§ How to complete this task
Once the line containing "public void setSelectionRectangle(Point" is found in the entries below, reproduce it and every line after it, stopping at and including the line containing "int lua_PhysicsRigidBody_getNode(lua_State* state);"; reproduce nothing else, and keep each line exact.

§ Data records
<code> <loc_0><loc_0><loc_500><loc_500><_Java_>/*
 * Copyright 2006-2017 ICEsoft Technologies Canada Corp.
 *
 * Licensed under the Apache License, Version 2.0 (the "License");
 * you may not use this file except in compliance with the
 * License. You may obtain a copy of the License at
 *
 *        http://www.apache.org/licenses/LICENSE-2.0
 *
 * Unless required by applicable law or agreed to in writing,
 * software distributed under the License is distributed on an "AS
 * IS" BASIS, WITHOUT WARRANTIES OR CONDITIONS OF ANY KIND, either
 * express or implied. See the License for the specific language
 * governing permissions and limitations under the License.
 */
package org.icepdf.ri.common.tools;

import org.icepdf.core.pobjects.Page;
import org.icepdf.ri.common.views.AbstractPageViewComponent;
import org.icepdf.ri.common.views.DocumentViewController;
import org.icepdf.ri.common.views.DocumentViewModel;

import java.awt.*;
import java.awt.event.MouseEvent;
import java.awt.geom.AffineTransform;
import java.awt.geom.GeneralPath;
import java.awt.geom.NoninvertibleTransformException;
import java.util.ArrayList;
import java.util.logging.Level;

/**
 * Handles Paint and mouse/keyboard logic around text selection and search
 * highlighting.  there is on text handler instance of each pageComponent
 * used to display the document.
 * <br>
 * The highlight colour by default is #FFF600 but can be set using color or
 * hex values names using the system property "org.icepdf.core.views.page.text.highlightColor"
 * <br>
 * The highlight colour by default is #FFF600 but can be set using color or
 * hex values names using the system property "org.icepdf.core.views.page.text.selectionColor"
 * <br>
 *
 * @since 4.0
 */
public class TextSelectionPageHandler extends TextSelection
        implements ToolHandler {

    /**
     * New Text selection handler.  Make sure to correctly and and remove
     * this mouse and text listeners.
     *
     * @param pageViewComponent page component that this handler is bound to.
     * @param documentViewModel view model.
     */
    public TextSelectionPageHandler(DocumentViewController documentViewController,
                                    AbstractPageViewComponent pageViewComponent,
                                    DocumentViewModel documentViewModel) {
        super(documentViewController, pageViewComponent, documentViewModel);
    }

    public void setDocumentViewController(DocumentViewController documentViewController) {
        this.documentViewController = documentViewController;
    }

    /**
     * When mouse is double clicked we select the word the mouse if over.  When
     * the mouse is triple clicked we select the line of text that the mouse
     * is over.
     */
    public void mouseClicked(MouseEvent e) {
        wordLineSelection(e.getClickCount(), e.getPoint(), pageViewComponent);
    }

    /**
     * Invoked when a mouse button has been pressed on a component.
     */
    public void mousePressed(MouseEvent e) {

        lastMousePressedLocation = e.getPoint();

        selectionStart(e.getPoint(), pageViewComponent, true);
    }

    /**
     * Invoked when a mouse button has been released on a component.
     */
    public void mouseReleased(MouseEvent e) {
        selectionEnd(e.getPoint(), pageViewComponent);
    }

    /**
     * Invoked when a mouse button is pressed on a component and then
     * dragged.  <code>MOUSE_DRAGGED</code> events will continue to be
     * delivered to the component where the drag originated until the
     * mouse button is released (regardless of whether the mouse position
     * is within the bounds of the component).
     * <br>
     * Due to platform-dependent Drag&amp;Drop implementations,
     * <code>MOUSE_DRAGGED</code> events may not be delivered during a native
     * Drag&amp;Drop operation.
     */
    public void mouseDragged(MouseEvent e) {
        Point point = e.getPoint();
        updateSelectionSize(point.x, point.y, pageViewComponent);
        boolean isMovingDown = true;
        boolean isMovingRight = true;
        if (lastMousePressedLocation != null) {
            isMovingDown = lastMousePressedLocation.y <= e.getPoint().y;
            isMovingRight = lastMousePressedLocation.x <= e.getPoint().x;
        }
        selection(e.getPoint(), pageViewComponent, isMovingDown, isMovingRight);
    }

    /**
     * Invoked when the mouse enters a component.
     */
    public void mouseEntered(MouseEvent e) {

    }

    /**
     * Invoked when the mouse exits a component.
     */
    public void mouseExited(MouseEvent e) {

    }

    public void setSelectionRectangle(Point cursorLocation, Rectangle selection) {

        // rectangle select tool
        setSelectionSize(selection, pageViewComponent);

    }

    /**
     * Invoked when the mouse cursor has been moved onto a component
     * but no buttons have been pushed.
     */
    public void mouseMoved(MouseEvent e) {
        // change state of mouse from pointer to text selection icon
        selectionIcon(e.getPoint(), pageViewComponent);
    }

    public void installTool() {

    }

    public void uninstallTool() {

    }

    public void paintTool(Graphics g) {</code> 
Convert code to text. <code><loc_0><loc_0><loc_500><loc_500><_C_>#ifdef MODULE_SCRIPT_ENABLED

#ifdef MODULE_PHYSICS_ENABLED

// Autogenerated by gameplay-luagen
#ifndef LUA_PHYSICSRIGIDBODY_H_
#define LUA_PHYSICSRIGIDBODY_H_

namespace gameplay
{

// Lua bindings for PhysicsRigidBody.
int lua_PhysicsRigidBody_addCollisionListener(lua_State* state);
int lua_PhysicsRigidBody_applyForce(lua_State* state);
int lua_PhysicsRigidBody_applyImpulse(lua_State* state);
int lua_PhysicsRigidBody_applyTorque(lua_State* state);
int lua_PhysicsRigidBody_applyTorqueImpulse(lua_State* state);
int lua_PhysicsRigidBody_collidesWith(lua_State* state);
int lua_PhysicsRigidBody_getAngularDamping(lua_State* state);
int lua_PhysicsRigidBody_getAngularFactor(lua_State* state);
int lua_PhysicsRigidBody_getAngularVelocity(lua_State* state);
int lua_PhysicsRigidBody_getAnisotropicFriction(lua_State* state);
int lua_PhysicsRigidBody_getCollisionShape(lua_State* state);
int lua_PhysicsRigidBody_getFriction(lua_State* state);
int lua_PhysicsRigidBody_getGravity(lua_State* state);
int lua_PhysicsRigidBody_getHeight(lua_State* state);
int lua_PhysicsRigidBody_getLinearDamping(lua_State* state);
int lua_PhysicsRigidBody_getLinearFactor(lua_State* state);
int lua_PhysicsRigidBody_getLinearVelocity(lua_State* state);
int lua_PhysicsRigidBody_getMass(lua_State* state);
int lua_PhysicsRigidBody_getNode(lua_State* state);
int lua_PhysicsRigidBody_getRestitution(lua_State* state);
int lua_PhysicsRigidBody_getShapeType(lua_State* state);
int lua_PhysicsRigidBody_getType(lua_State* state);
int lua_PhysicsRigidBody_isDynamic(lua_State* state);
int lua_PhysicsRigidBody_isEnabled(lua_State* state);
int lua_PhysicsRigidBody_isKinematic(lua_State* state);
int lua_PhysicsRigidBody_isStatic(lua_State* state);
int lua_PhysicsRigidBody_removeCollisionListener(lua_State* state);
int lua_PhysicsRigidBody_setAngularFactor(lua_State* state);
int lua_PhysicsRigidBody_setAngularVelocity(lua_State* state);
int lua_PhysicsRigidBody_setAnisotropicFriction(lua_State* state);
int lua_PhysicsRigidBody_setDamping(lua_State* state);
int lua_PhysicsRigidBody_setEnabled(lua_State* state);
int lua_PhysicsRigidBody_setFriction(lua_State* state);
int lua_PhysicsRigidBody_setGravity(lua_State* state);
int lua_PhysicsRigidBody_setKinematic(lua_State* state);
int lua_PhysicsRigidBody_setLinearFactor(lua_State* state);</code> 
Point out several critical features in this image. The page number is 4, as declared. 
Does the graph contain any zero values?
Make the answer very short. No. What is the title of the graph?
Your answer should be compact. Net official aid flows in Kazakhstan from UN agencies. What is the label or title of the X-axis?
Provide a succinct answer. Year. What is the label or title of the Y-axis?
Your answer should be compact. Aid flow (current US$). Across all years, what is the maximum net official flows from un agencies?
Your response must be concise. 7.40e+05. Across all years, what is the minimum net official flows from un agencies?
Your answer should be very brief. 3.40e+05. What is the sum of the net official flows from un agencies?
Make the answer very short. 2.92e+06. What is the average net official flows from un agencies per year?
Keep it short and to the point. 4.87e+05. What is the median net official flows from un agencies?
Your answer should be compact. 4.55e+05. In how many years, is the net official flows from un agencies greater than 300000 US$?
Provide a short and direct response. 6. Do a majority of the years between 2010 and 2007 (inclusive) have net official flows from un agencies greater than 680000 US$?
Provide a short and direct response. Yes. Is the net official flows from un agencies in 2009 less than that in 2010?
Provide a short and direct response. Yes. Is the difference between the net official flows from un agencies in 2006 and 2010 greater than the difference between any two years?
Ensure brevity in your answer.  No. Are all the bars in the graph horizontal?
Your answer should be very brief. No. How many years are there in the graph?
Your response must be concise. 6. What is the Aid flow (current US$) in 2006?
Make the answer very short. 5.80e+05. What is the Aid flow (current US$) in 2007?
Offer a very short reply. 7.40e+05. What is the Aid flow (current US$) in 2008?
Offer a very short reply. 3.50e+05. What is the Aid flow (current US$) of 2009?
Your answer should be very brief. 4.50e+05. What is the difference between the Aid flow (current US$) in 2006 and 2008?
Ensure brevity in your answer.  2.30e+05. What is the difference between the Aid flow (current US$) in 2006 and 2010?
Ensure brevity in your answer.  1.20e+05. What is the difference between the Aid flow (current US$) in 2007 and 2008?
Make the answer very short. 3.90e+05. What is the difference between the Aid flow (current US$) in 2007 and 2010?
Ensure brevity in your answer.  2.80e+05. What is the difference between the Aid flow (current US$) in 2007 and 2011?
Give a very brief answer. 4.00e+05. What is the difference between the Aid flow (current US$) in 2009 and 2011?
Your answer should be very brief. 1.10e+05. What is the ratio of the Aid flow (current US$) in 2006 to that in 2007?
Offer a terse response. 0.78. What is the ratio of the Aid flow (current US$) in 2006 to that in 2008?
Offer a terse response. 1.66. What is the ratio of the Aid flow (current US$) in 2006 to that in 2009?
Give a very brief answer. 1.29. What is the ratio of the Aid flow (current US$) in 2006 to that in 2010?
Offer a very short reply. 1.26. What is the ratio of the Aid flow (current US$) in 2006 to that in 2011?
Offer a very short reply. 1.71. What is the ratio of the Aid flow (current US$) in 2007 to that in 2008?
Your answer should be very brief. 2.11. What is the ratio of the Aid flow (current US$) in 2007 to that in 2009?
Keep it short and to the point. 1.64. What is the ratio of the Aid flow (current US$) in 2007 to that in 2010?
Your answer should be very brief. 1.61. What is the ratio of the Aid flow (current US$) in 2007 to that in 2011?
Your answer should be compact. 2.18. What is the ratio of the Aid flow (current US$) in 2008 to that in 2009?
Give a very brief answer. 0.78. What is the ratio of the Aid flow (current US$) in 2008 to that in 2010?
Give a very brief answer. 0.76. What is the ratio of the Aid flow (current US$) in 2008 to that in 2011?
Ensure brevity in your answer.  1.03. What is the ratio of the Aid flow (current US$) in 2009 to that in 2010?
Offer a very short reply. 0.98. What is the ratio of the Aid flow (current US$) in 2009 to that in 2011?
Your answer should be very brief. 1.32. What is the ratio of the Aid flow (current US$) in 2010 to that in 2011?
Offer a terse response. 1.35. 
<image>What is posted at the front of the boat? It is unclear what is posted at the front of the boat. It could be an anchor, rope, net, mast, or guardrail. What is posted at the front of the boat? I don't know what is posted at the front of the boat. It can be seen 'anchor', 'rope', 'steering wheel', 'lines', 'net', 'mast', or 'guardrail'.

§ Result below
    public void setSelectionRectangle(Point cursorLocation, Rectangle selection) {

        // rectangle select tool
        setSelectionSize(selection, pageViewComponent);

    }

    /**
     * Invoked when the mouse cursor has been moved onto a component
     * but no buttons have been pushed.
     */
    public void mouseMoved(MouseEvent e) {
        // change state of mouse from pointer to text selection icon
        selectionIcon(e.getPoint(), pageViewComponent);
    }

    public void installTool() {

    }

    public void uninstallTool() {

    }

    public void paintTool(Graphics g) {</code> 
Convert code to text. <code><loc_0><loc_0><loc_500><loc_500><_C_>#ifdef MODULE_SCRIPT_ENABLED

#ifdef MODULE_PHYSICS_ENABLED

// Autogenerated by gameplay-luagen
#ifndef LUA_PHYSICSRIGIDBODY_H_
#define LUA_PHYSICSRIGIDBODY_H_

namespace gameplay
{

// Lua bindings for PhysicsRigidBody.
int lua_PhysicsRigidBody_addCollisionListener(lua_State* state);
int lua_PhysicsRigidBody_applyForce(lua_State* state);
int lua_PhysicsRigidBody_applyImpulse(lua_State* state);
int lua_PhysicsRigidBody_applyTorque(lua_State* state);
int lua_PhysicsRigidBody_applyTorqueImpulse(lua_State* state);
int lua_PhysicsRigidBody_collidesWith(lua_State* state);
int lua_PhysicsRigidBody_getAngularDamping(lua_State* state);
int lua_PhysicsRigidBody_getAngularFactor(lua_State* state);
int lua_PhysicsRigidBody_getAngularVelocity(lua_State* state);
int lua_PhysicsRigidBody_getAnisotropicFriction(lua_State* state);
int lua_PhysicsRigidBody_getCollisionShape(lua_State* state);
int lua_PhysicsRigidBody_getFriction(lua_State* state);
int lua_PhysicsRigidBody_getGravity(lua_State* state);
int lua_PhysicsRigidBody_getHeight(lua_State* state);
int lua_PhysicsRigidBody_getLinearDamping(lua_State* state);
int lua_PhysicsRigidBody_getLinearFactor(lua_State* state);
int lua_PhysicsRigidBody_getLinearVelocity(lua_State* state);
int lua_PhysicsRigidBody_getMass(lua_State* state);
int lua_PhysicsRigidBody_getNode(lua_State* state);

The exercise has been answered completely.